# A Different Thread



## DaninVan (Jan 1, 2012)

Does anyone know what the thread on the end of a painting pole is called/defined as?
I realize that I could take a small 2" roller handle and just use that as a female thread, but is there an actual metal part suitable for making into a pole attachment?
The reason I ask is that my crab apple tree is loaded this year, and the bulk of the crop is up above 14'. I can manually get at those below that ht. but the high fruit I can only reach with my long extending painting pole (at least 14' fully extended) plus my 8' step ladder.
Did I mention that I don't like heights?


----------



## OMC-TRIPLE-X (Nov 3, 2011)

Hardware and Janitorial stores usually sell things like:

Metal Threaded Replacement Tip - Atlas Graham

Varying brands types are available in male snd female threads


----------



## DaninVan (Jan 1, 2012)

Thanks David, but I need the _female_ equivalent; I've got the male part covered.


----------



## DaninVan (Jan 1, 2012)

I also note that they don't have a proper name for the thread? It must be so standardized that it doesn't need a name.


----------



## rwbaker (Feb 25, 2010)

Get a extendable pole saw (14', no step ladder, Lowes/Home D/some Wal-Marts) and make loop to replace the saw blade using a coat hanger to make a loop and possibly add cloth basket to the loop.

Have seen these in Western NC at the orchards.

Good luck - Baker


----------



## OPG3 (Jan 9, 2011)

Dan-meister, This problem has been solved by yours truly - ME.
We had a huge plum tree. Tons of fruit. If it fell, it got ruined. There was enough fruit for everyone. The solution came to me about 30 years ago. My extension handle went-out to 16 feet, I added a *pet-store fishnet*. The fishnet had a thin wire handle that was vinyl-coated to prevent rust. It was very simple to wrap the wire around the [male] pole threads and simply "cup and remove" desired fruit. For extra height, back-in your pickup truck to stand on. DO NOT USE A LADDER - UNLESS YOU HAVE A HOSPITAL NEARBY.
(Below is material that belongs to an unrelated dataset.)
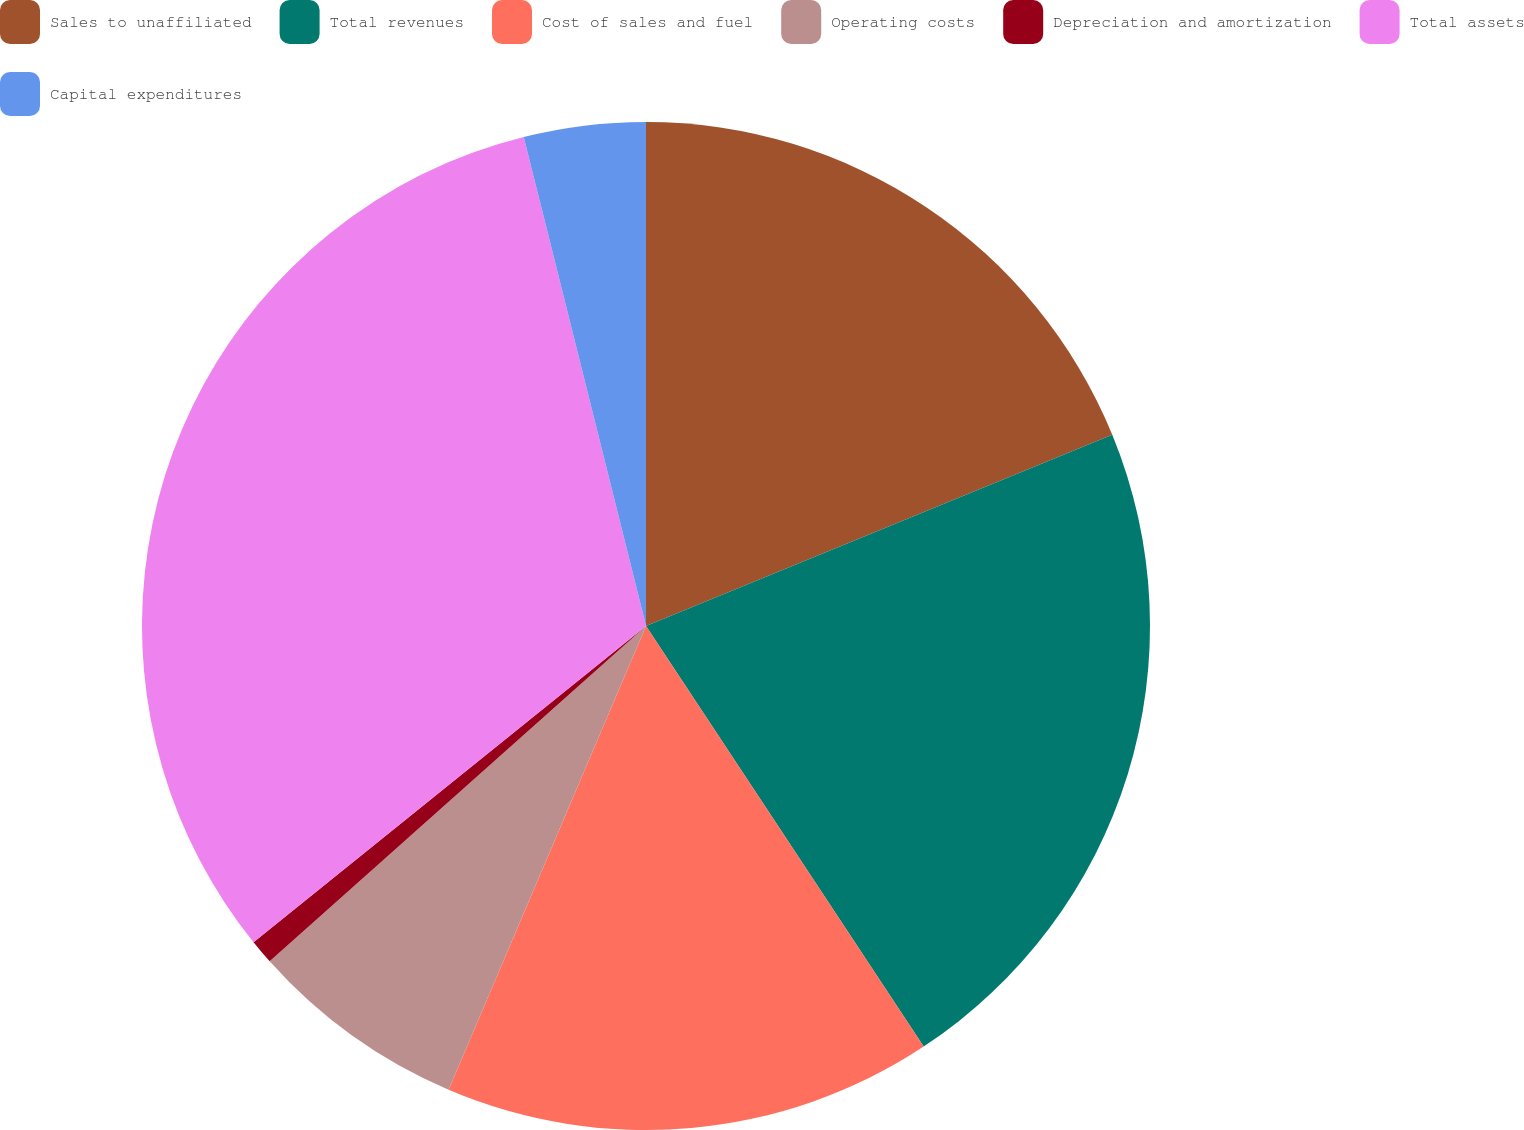<chart> <loc_0><loc_0><loc_500><loc_500><pie_chart><fcel>Sales to unaffiliated<fcel>Total revenues<fcel>Cost of sales and fuel<fcel>Operating costs<fcel>Depreciation and amortization<fcel>Total assets<fcel>Capital expenditures<nl><fcel>18.8%<fcel>21.91%<fcel>15.69%<fcel>7.01%<fcel>0.79%<fcel>31.89%<fcel>3.9%<nl></chart>

Otis - one who also hates heights (now)


----------



## DaninVan (Jan 1, 2012)

Thanks Otis, I'll give _that_ a try. Sounds like a RED Green duct tape solution, for a little extra insurance!


----------



## Cherryville Chuck (Sep 28, 2010)

For next year may I suggest pruning the tree to make harvesting the fruit more manageable? How to Prune a Crabapple Tree: 8 Steps - wikiHow . Not only does pruning make it easier to pick but can increase the volume of fruit grown. Don't worry about doing it wrong if you've never done any before. A bad pruning is like a bad haircut...it grows back out again.


----------



## DaninVan (Jan 1, 2012)

It'll need _more_ than a haircut, Charles; it has height aspirations I can't even begin to understand. I'd take a guess and say it grows at least 4' a year; currently about 25' - 30' tall. But thanks for the pruning link! Wifey's moved the tree's impending haircut to DEFCON 2...


----------



## Semipro (Mar 22, 2013)

Heavy duty fiberglass push-up masts with convenient thumb clamps!


----------



## Cherryville Chuck (Sep 28, 2010)

DaninVan said:


> It'll need _more_ than a haircut, Charles; it has height aspirations I can't even begin to understand. I'd take a guess and say it grows at least 4' a year; currently about 25' - 30' tall. But thanks for the pruning link! Wifey's moved the tree's impending haircut to DEFCON 2...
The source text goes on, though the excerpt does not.